In the new paper, Lozano-Durán and Yuan use the new method to make a variety of predictions. In one example, they wanted to determine which inputs to feed into a neural network used to calculate the heat flux (how much the temperature experienced by a space capsule would change) as it entered the Martian atmosphere. The researchers had access to data for 20 different variables that could be included, such as velocity and temperature at different locations. In the end, their analysis dictated that they only needed data combined into two variables constructed as ratios of characteristic fluxes, such as heat and mass, or other physical terms such as energies and timescales. Those variables capture the relative importance of competing processes.
No Units Needed
Importantly, Lozano-Durán notes, the variables that come out of his new theorem are dimensionless. There is a fundamental mathematical concept in physics called the Buckingham π theorem that says that when you construct a model about the real world, you should be able to rewrite all of its equations in a form where none of the variables depend upon the units of measurement that are used. Edgar Buckingham, the early 20th-century American physicist for whom the theory is named, provided a formalized way of transforming equations to arrive at such so-called dimensionless parameters.
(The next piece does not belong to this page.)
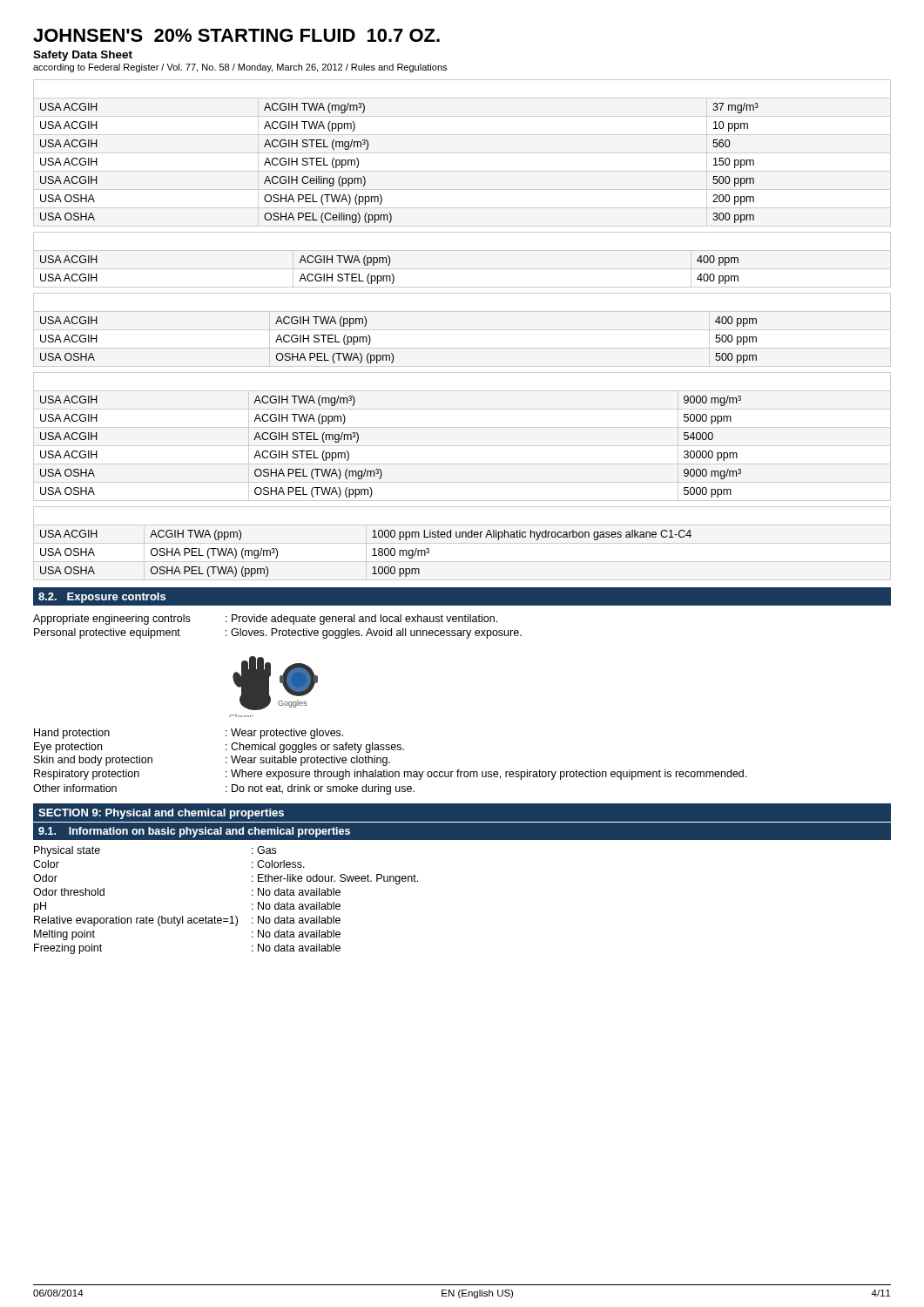Click on the section header with the text "Safety Data Sheet"
This screenshot has width=924, height=1307.
point(83,55)

"All the equations in physics need to follow this property. If you change the units, the equation remains the same," says Lozano-Durán. For example, the gravitational force between Earth and the sun must not depend on whether the distance between the two bodies is measured in miles or kilometers, or whether the masses are measured in pounds or kilograms. "If you see an equation where you change the units and the equation is different, there's something wrong."
Returning to Lozano-Durán's Martian-spacecraft example, the Buckingham π theorem says that seven variables, rather than two, are needed to determine the heat flux. According to Lozano-Durán, a researcher would need to perform some 2,000 experiments to gather the required data for those seven variables and create a very simple model of heat flux. "According to our results, you need only nine experiments," he says. The tool also told the researchers that by completing those nine experiments, they could have 92 percent certainty that they had arrived at the correct heat-flux prediction.
The IT-π method can save time, energy, and money, he says. In particular, the technique could cut down on the amount of data necessary to train AI models faster while using less electricity. "Today, especially in these machine learning models that are kind of a big black box, it's very important to make sure that everything you give them is meaningful," he says. "The more variables you have as input, the more training data you need. So, you want to have the minimum number of variables while not affecting the performance of your model."
The paper is titled "Dimensionless learning based on information." The work was supported by funding from the National Science Foundation, an Early Career Faculty grant from NASA's Space Technology Research Grants Program, and the MIT International Science and Technology Initiatives Global Seed Fund.